Saturday, July 27, 2013
Are dogs our greatest fear or man’s best friend?
In a very curious blog post on May 17th (and a similar post at Q9 on July 25th) Ian Gotts claimed that:
“In a recent survey of fears, dogs came top, but public speaking was above dying. So people would rather die that (sic) speak in public, which is absurd if you knew how easy it is to overcome your fear of speaking.”
I don’t recall ever seeing a survey like that, but Ian didn’t tell us who did it, or when and where it was reported. The endlessly quoted 1973 Bruskin survey ranked fear of public speaking (40.6%) first, fear of death (18.7%) seventh, and fear of dogs (11.2%) as 10th.

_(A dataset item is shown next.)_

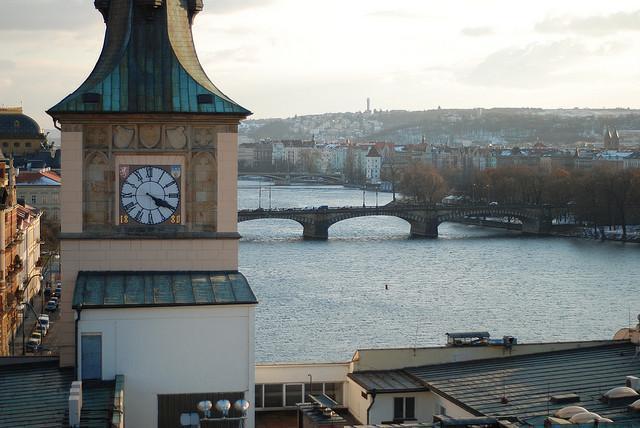How many chairs do you see?
Give a very brief answer. 0. 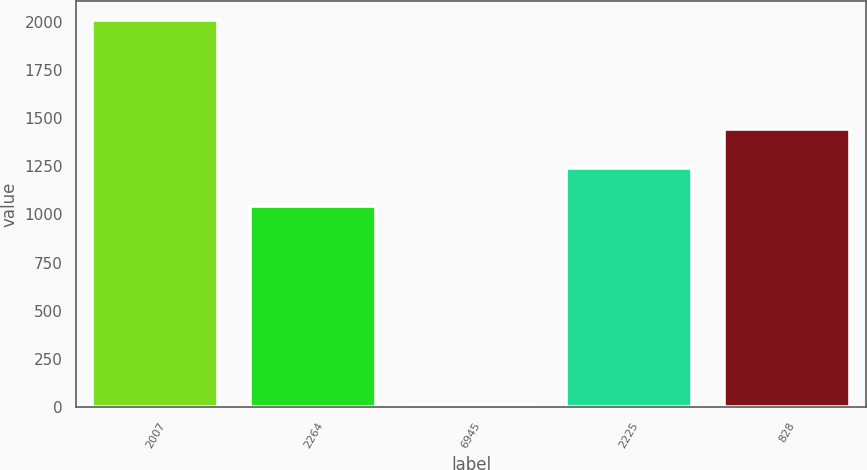Convert chart. <chart><loc_0><loc_0><loc_500><loc_500><bar_chart><fcel>2007<fcel>2264<fcel>6945<fcel>2225<fcel>828<nl><fcel>2006<fcel>1044<fcel>14<fcel>1243.2<fcel>1442.4<nl></chart>

I think dogs are liked rather than feared by most people. On June 17th Public Policy Polling released their Animals and Pets Poll: Americans Prefer Dogs; Fear Snakes. One question they asked a sample of 603 registered American voters was:
Q19: What do you think is the scariest animal: alligators, bats, bears, cockroaches, tigers, sharks, snakes, spiders, wolves, or something else?
Results were that 21% feared snakes, 19% feared alligators, 18% feared sharks, 14% feared bears, 11% feared cockroaches, 9% feared tigers, 5% feared bats, 2% feared spiders, 1% feared wolves, and 0% feared something else (which would include dogs).

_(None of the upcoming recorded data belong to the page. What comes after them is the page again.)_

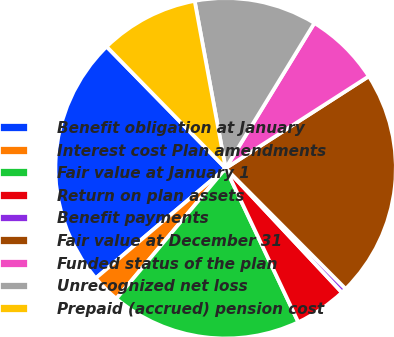Convert chart. <chart><loc_0><loc_0><loc_500><loc_500><pie_chart><fcel>Benefit obligation at January<fcel>Interest cost Plan amendments<fcel>Fair value at January 1<fcel>Return on plan assets<fcel>Benefit payments<fcel>Fair value at December 31<fcel>Funded status of the plan<fcel>Unrecognized net loss<fcel>Prepaid (accrued) pension cost<nl><fcel>23.85%<fcel>2.72%<fcel>18.12%<fcel>4.95%<fcel>0.49%<fcel>21.62%<fcel>7.18%<fcel>11.64%<fcel>9.41%<nl></chart> 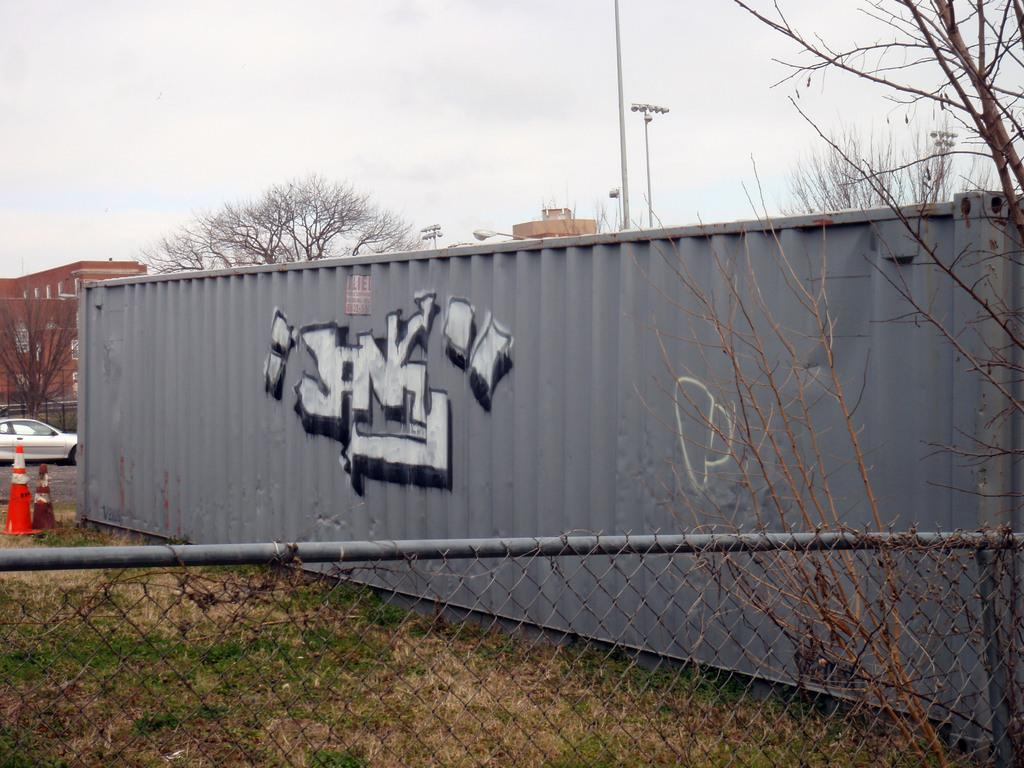<image>
Present a compact description of the photo's key features. A large grey shipping container has graffiti on it that says Jank. 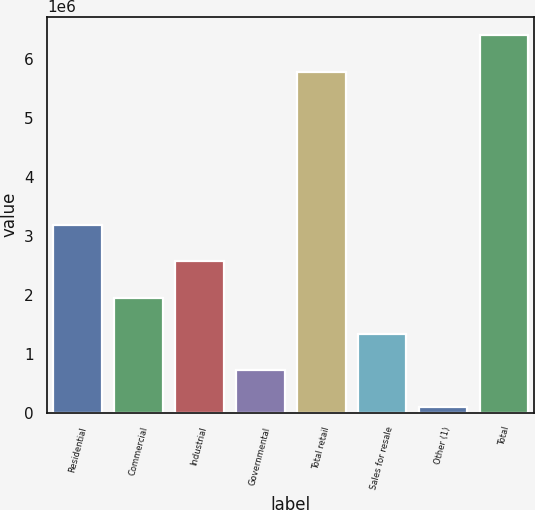Convert chart to OTSL. <chart><loc_0><loc_0><loc_500><loc_500><bar_chart><fcel>Residential<fcel>Commercial<fcel>Industrial<fcel>Governmental<fcel>Total retail<fcel>Sales for resale<fcel>Other (1)<fcel>Total<nl><fcel>3.18493e+06<fcel>1.95034e+06<fcel>2.56763e+06<fcel>715743<fcel>5.77512e+06<fcel>1.33304e+06<fcel>98446<fcel>6.39242e+06<nl></chart> 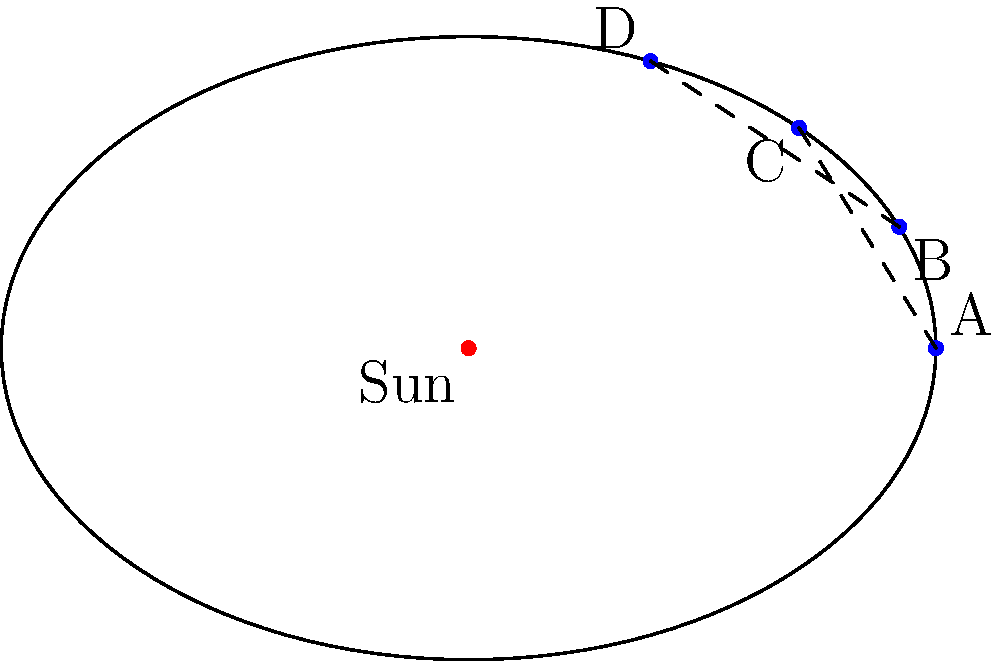As a 3PL broker managing the transportation of sensitive astronomical equipment, you're asked to coordinate a delivery that coincides with a comet's perihelion passage. The comet's orbit is shown in the diagram. At which point in its orbit will the comet be moving fastest, requiring extra care in equipment handling? To answer this question, we need to understand Kepler's laws of planetary motion, which also apply to comets:

1. Kepler's First Law: The orbit of a planet (or comet) around the Sun is an ellipse with the Sun at one of the two foci.

2. Kepler's Second Law: A line segment joining a planet (or comet) and the Sun sweeps out equal areas during equal intervals of time.

3. Kepler's Third Law: The square of the orbital period of a planet is directly proportional to the cube of the semi-major axis of its orbit.

In this case, we're particularly interested in Kepler's Second Law. This law implies that when an object is closer to the Sun, it moves faster to sweep out the same area in the same time as when it's farther away.

Looking at the diagram:

1. The Sun is at one focus of the elliptical orbit.
2. Point A is the closest point to the Sun (perihelion).
3. Point C is the farthest point from the Sun (aphelion).
4. Points B and D are at intermediate distances.

Because of Kepler's Second Law, the comet will be moving fastest at point A (perihelion) and slowest at point C (aphelion).

As a 3PL broker, you would need to schedule the delivery and handling of the astronomical equipment with extra care when the comet is at point A, as this is when it will be moving at its maximum velocity.
Answer: Point A (perihelion)

Later in that blog post Mr. Gotts also claimed that:
“In fact 38% of communication is tone of voice. Only 7% is what you actually say. The remaining 55% is physiology; body language, how you look, where you stand. (The original study was Birtwhistle and Mahrabian).”
I think he meant to refer to Ray L. Birdwhistell (who is discussed in the Wikipedia article on kinesics) and Albert Mehrabian (who is the source for those specific percentages commonly misquoted as the Mehrabian Myth). I blogged about Bullfighting the Mehrabian Myth back on July 25, 2009.
I made the image of a military dog barking scarier by editing out his chain.